Le salaire minimum à 18 $? Le prix des engrais azotés qui double? La sécheresse qui bousille les rendements 6 années sur 10? Une pandémie qui met à mal les chaines d’approvisionnement? Des taux d’intérêt qui remontent après des années au plancher? Un nombre grandissant de variables touchent les entreprises agricoles. Pour gérer l’incertitude en testant la résistance financière des entreprises, rien ne vaut l’analyse de sensibilité.
Voilà trois mots qui effraient, mais qui devraient plutôt rassurer, car derrière l’analyse de sensibilité, à réaliser sur un bout de papier, dans un chiffrier ou un logiciel spécialisé, se cachent des scénarios pour se tenir vent debout. « C’est une composante essentielle d’une gestion des risques », résume l’agronome et analyste de marché, Marjolaine Carrier. « C’est un réflexe à développer quand on élabore un projet d’investissement ou qu’on prépare un budget annuel d’opérations », ajoute René Gagnon, agronome et directeur principal des marchés agricole et agroalimentaire.
Pour ce tandem de l’équipe agro de Desjardins, les entreprises agricoles doivent s’intéresser aux analyses de sensibilité. Pas besoin d’une matrice à 28 variables pour élaborer 327 scénarios probabilistes dans un document théorique! Chaque entreprise, aidée de son directeur de comptes, peut faire une analyse prévisionnelle basée sur les revenus et les dépenses pour constater l’effet sur la rentabilité. « Il est plus facile de mesurer des aléas quand on a d’abord calculé son coût de production, rappelle René Gagnon. On peut ensuite valider facilement un pourcentage de dépense ou un taux d’intérêt et constater l’effet sur les finances. C’est d’autant plus vrai dans les secteurs agricoles qui n’ont pas de pouvoir sur la fixation des prix ou qui ne peuvent transférer les impacts économiques aux consommateurs. »
Plus ça change, moins c’est pareil
Selon les deux agronomes, on pourrait s’attendre à des fluctuations économiques dans les prochaines années. Modéliser pour dépister les vulnérabilités des entreprises sera plus important que jamais.

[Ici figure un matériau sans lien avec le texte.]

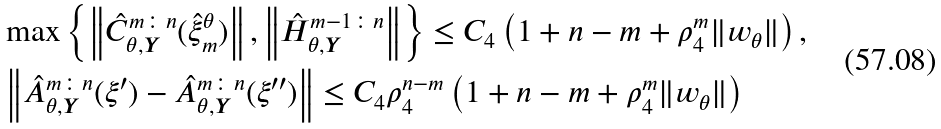<formula> <loc_0><loc_0><loc_500><loc_500>& \max \left \{ \left \| \hat { C } _ { \theta , \boldsymbol Y } ^ { m \colon n } ( \hat { \xi } _ { m } ^ { \theta } ) \right \| , \left \| \hat { H } _ { \theta , \boldsymbol Y } ^ { m - 1 \colon n } \right \| \right \} \leq C _ { 4 } \left ( 1 + n - m + \rho _ { 4 } ^ { m } \| w _ { \theta } \| \right ) , \\ & \left \| \hat { A } _ { \theta , \boldsymbol Y } ^ { m \colon n } ( \xi ^ { \prime } ) - \hat { A } _ { \theta , \boldsymbol Y } ^ { m \colon n } ( \xi ^ { \prime \prime } ) \right \| \leq C _ { 4 } \rho _ { 4 } ^ { n - m } \left ( 1 + n - m + \rho _ { 4 } ^ { m } \| w _ { \theta } \| \right )</formula> 
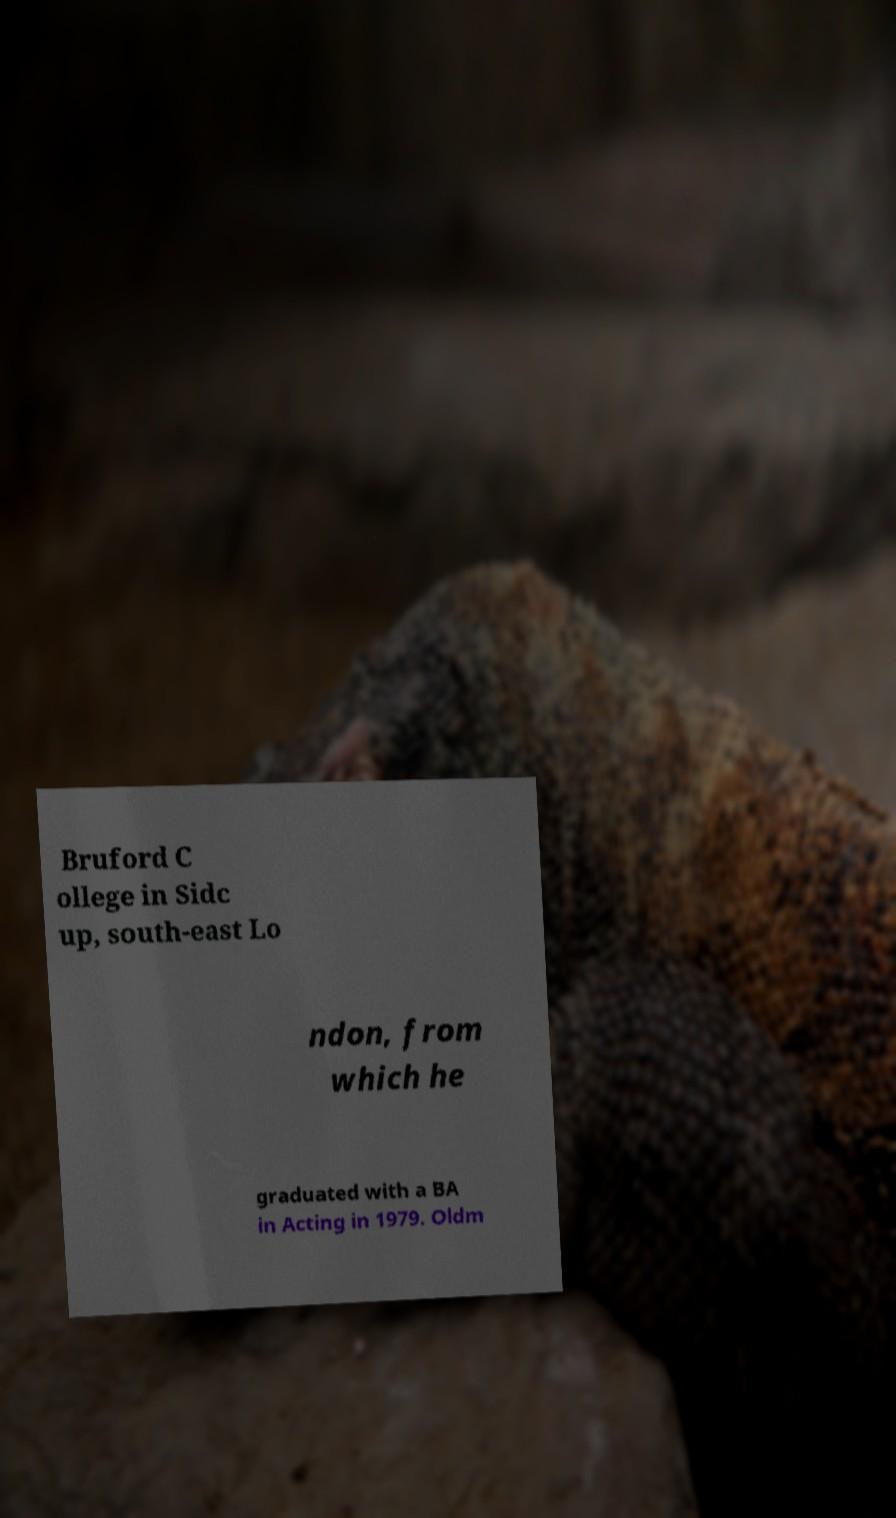For documentation purposes, I need the text within this image transcribed. Could you provide that? Bruford C ollege in Sidc up, south-east Lo ndon, from which he graduated with a BA in Acting in 1979. Oldm

Crise climatique, taxe sur le carbone, événements mondiaux, rareté de la main-d’œuvre, remontée des taux d’intérêt : l’instabilité pourrait mettre à l’épreuve la solidité financière des entrepreneurs. « Ceux qui analysent leur sensibilité réagiront mieux et plus vite », juge Marjolaine Carrier.
Plus de variabilité sur plus de variables, c’est aussi l’avertissement que sert l’agronome Jean-François Drouin, économiste principal du Centre d’études sur les coûts de production en agriculture. « Avec la pandémie, la seule prévision fiable est que les prévisions ne sont pas fiables! Ce contexte fait ressortir l’importance de suivre l’évolution de ses coûts et de trouver des solutions innovantes pour s’adapter. » Jean-François Drouin calcule que le coût des aliments pour le bétail s’est accru d’environ 15 % entre 2021 et 2022 et de 20 % l’année précédente. En productions végétales, la hausse du coût des fertilisants de 50 à 100 % selon le moment d’achat et le type d’engrais fait mal1. « Le côté positif, c’est que les prix des denrées demeurent généralement favorables pour le moment, mais les hausses des coûts demeurent substantielles, avec peu de temps pour s’adapter », conclut-il.
Faire une analyse de sensibilité dans le but de comprendre stratégiquement quels sont les facteurs incontournables pour la rentabilité de votre entreprise est primordial. Ainsi, vous mettrez toutes les chances de votre côté en cas de fluctuations importantes.